19.

 サンドウィッチもデザートも食べ終わってしまい、後は紗江の手の中にあるカップの中のたった一口のコーヒーだけになっていた。


(どうしよう)


 さっきから紗江の頭の中はその言葉だけが渦巻いていた。

 こういうシチュエーションが初めてというわけでもない。紗江だって一人の立派な女性だ。今までだってそれなりの恋愛経験もある。にもかかわらず、このわけもわからない不安は未だかつて味わったことのないものだった。


「紗江さん」

「は、はいぃっ」


 極度の緊張で妙な返事を返してしまった紗江だったが、正樹は笑いもせず、不思議な表情をしていた。そして「ごめん」と謝ったのだった。謝られた理由もわからずうろたえる紗江に、正樹は言葉を続けた。
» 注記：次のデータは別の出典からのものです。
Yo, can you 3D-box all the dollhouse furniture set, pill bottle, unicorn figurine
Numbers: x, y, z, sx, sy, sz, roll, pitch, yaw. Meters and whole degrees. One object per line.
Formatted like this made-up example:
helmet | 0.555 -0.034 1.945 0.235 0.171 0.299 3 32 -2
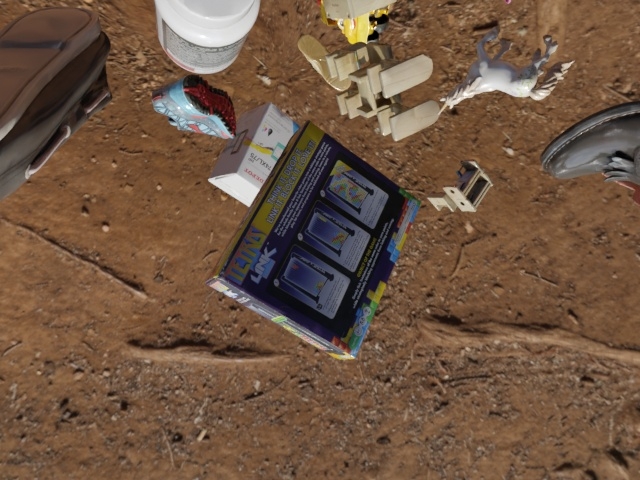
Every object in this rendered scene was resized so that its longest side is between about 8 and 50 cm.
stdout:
dollhouse furniture set | 0.476 -0.193 1.650 0.129 0.183 0.129 43 75 -24
pill bottle | -0.187 -0.383 0.760 0.161 0.283 0.161 -2 97 -18
unicorn figurine | 0.236 -0.224 0.626 0.060 0.162 0.111 31 86 -45
dollhouse furniture set | 0.121 -0.329 0.805 0.161 0.212 0.242 -27 124 -11

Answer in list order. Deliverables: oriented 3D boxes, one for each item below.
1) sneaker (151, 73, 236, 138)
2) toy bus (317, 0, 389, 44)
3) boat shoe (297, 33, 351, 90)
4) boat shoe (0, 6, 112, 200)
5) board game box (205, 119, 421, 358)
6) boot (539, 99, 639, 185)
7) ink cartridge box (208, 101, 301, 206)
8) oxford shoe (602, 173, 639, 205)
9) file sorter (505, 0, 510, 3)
sneaker | -0.281 -0.296 1.056 0.125 0.262 0.104 -7 82 15
toy bus | 0.069 -0.610 1.196 0.211 0.220 0.149 16 143 10
boat shoe | 0.013 -0.454 1.185 0.063 0.059 0.170 -40 110 16
boat shoe | -0.255 -0.082 0.376 0.112 0.335 0.095 5 136 6
board game box | 0.000 0.000 0.430 0.141 0.048 0.170 33 67 -14
boot | 0.347 -0.019 0.432 0.091 0.263 0.229 7 78 -42
ink cartridge box | -0.195 -0.268 1.535 0.198 0.197 0.270 33 70 -34
oxford shoe | 0.763 -0.175 1.072 0.140 0.397 0.147 14 122 -12
file sorter | 0.625 -0.848 1.320 0.290 0.202 0.182 -30 92 19
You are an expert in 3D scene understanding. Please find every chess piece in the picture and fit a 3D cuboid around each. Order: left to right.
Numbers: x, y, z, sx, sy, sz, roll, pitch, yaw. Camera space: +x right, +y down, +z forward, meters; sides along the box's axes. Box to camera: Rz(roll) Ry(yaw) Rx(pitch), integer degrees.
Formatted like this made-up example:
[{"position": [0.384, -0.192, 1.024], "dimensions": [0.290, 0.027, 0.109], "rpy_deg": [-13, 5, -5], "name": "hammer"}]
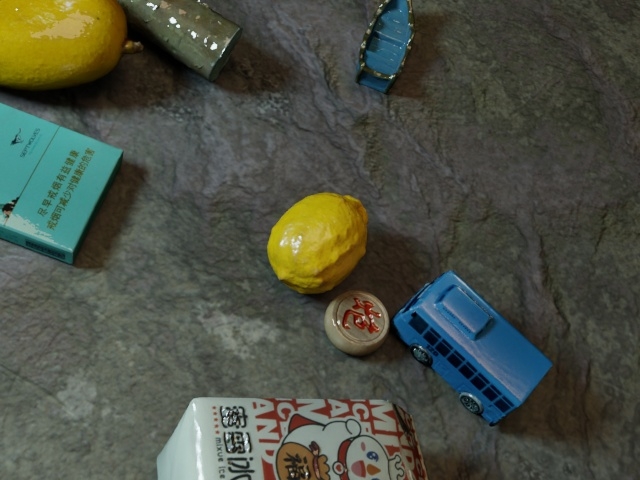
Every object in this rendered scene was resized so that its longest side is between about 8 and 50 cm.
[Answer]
[{"position": [0.045, 0.103, 1.061], "dimensions": [0.083, 0.038, 0.084], "rpy_deg": [9, 59, -15], "name": "chess piece"}]

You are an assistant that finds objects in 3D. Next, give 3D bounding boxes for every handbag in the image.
[{"position": [-0.009, 0.266, 0.875], "dimensions": [0.298, 0.151, 0.171], "rpy_deg": [7, 51, -25], "name": "handbag"}]

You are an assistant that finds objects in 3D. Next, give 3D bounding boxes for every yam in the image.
[{"position": [-0.231, -0.323, 1.177], "dimensions": [0.259, 0.093, 0.093], "rpy_deg": [34, 57, 3], "name": "yam"}]

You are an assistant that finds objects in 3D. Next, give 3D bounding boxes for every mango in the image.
[{"position": [-0.386, -0.275, 1.087], "dimensions": [0.316, 0.119, 0.177], "rpy_deg": [4, 62, -8], "name": "mango"}]

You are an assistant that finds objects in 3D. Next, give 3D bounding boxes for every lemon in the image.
[{"position": [0.000, 0.000, 1.057], "dimensions": [0.114, 0.114, 0.155], "rpy_deg": [40, 62, 6], "name": "lemon"}]

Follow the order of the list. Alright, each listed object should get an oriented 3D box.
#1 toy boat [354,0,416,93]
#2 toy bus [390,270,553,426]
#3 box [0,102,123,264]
[{"position": [0.106, -0.311, 1.287], "dimensions": [0.075, 0.077, 0.186], "rpy_deg": [23, 58, -4], "name": "toy boat"}, {"position": [0.184, 0.128, 1.052], "dimensions": [0.184, 0.106, 0.090], "rpy_deg": [43, 61, 8], "name": "toy bus"}, {"position": [-0.376, -0.083, 1.026], "dimensions": [0.229, 0.041, 0.162], "rpy_deg": [21, 57, -6], "name": "box"}]
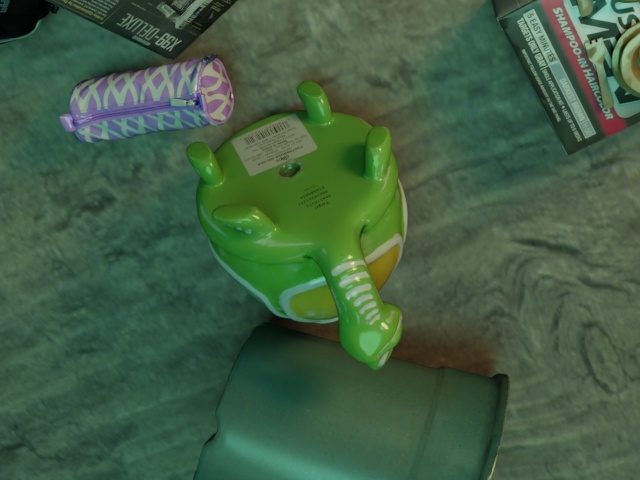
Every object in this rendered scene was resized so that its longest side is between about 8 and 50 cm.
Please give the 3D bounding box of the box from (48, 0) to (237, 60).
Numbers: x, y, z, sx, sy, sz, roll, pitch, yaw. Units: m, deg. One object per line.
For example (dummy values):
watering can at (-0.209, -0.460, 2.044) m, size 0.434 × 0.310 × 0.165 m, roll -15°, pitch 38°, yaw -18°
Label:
box at (-0.184, -0.333, 1.040) m, size 0.242 × 0.077 × 0.307 m, roll -38°, pitch 152°, yaw 22°

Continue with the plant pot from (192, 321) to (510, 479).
plant pot at (0.030, 0.280, 1.312) m, size 0.334 × 0.341 × 0.341 m, roll 19°, pitch 117°, yaw 5°

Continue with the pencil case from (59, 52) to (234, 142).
pencil case at (-0.203, -0.164, 1.203) m, size 0.206 × 0.088 × 0.086 m, roll -6°, pitch 122°, yaw 26°

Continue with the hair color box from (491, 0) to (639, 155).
hair color box at (0.398, -0.268, 1.098) m, size 0.374 × 0.114 × 0.185 m, roll -27°, pitch 111°, yaw 17°

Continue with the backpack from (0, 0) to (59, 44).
backpack at (-0.419, -0.323, 1.078) m, size 0.191 × 0.253 × 0.225 m, roll 30°, pitch 119°, yaw 13°

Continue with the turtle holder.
turtle holder at (0.008, -0.014, 1.172) m, size 0.320 × 0.243 × 0.227 m, roll 22°, pitch 145°, yaw 36°

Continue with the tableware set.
tableware set at (0.335, -0.234, 1.036) m, size 0.128 × 0.039 × 0.194 m, roll -16°, pitch 113°, yaw 14°
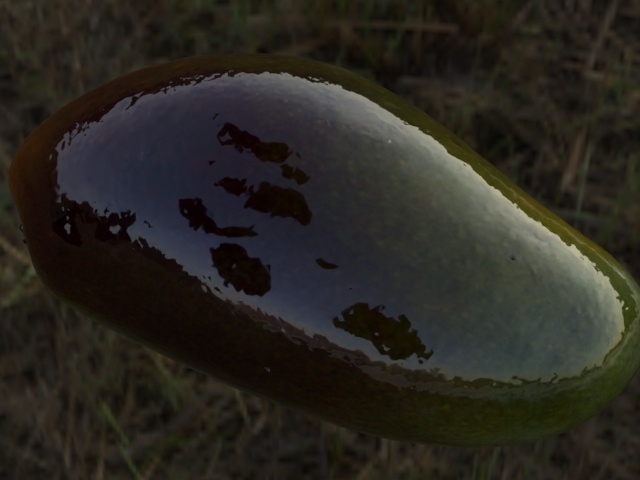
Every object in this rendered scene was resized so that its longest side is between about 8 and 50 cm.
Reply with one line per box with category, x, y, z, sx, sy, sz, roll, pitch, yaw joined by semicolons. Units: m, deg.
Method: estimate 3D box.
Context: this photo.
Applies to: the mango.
mango;0.000;0.000;0.776;0.267;0.111;0.133;19;82;11
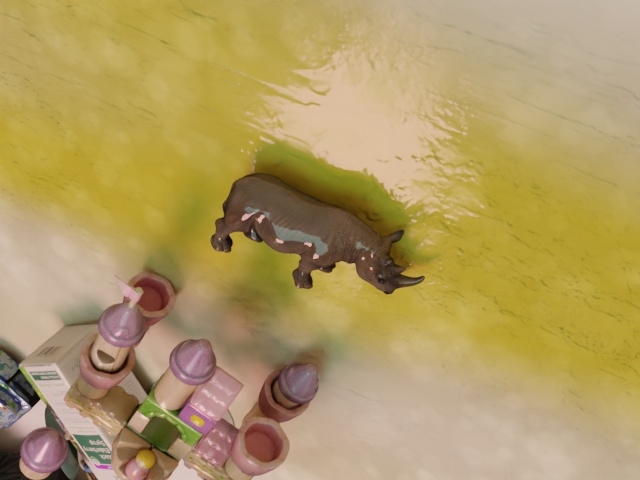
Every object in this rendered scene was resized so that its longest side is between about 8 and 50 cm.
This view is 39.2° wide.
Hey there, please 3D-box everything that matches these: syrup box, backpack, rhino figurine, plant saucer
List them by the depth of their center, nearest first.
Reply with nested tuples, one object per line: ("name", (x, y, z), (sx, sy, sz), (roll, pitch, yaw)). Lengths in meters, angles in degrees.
("rhino figurine", (0.000, 0.000, 0.989), (0.243, 0.073, 0.106), (22, 133, 7))
("syrup box", (-0.311, 0.240, 1.279), (0.093, 0.096, 0.237), (-8, 118, 41))
("backpack", (-0.496, 0.228, 1.375), (0.105, 0.084, 0.114), (-35, 102, 36))
("plant saucer", (-0.391, 0.308, 1.383), (0.021, 0.119, 0.119), (-21, 119, -7))

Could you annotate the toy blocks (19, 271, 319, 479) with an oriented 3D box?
("toy blocks", (-0.167, 0.201, 1.054), (0.288, 0.309, 0.260), (36, 137, -3))

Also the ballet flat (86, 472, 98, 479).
("ballet flat", (-0.316, 0.454, 1.455), (0.250, 0.058, 0.084), (63, 169, -28))

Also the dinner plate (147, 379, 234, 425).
("dinner plate", (-0.191, 0.257, 1.300), (0.141, 0.017, 0.141), (11, 127, 15))

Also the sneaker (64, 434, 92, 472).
("sneaker", (-0.322, 0.338, 1.374), (0.069, 0.084, 0.186), (-23, 111, 35))

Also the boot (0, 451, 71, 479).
("boot", (-0.462, 0.560, 1.579), (0.366, 0.146, 0.445), (-10, 126, 38))
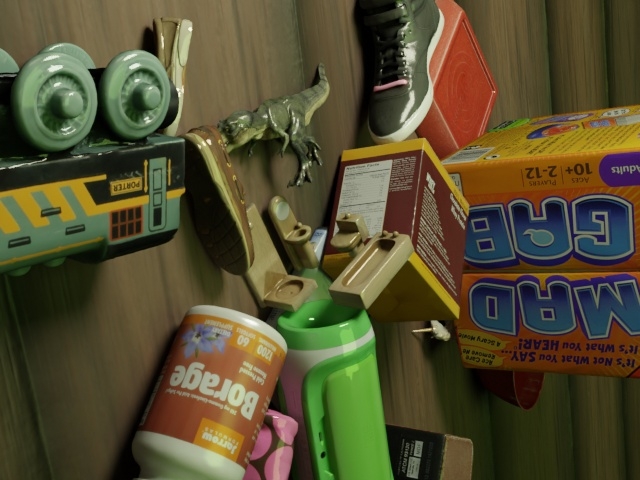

「紗江さんの優しさに付け込んでこういう状況に追い込んだんだ。こういう気分のときに一人でいたくなかったし、ましてや食事なんてする気も起きなかった、っていうのは言い訳なんだけど。今から別の部屋をお願いするから。本当にごめんね」


 言い終えた正樹は静かに席を立ち、ベッド脇の電話に手を伸ばした。


 こういう気分というのがなんなのかなんて、当然、紗江にはわからない。ただわかるのは、一人ではいたくなかったということ。食事も喉を通らない状態だったということ。優しさに付け込んだと言うけれど、ちっともそんな風に思えないということ。そして、そのすべてが嫌ではなかったということだった。


 フロントへダイヤルしようとした正樹の指が止まった。それは、紗江が正樹のもう片方の手から受話器を奪い取り、元に戻したからだった。


「紗江…」

「嫌じゃないんです。だから、このままでいいんです」


 奪い取った受話器を両手で電話に押し付けたまま言う紗江を、正樹は驚いた顔で見つめた。そんな正樹の視線を感じつつも、紗江は自分が止められなかった。


「私、このままどうなっても」

「しっ、黙って」


 言葉を遮るように、正樹が紗江の耳元に囁いた。そのテノールの甘い囁きは紗江の思考を止めるのに十分だった。


「もう、引き返せないよ?」


 言葉を発せようにも、紗江の唇は正樹によって熱く塞がれてしまった。

 さらにひどくなる雨の音と自分の心臓の音だけが、やけに大きく耳に響いていた。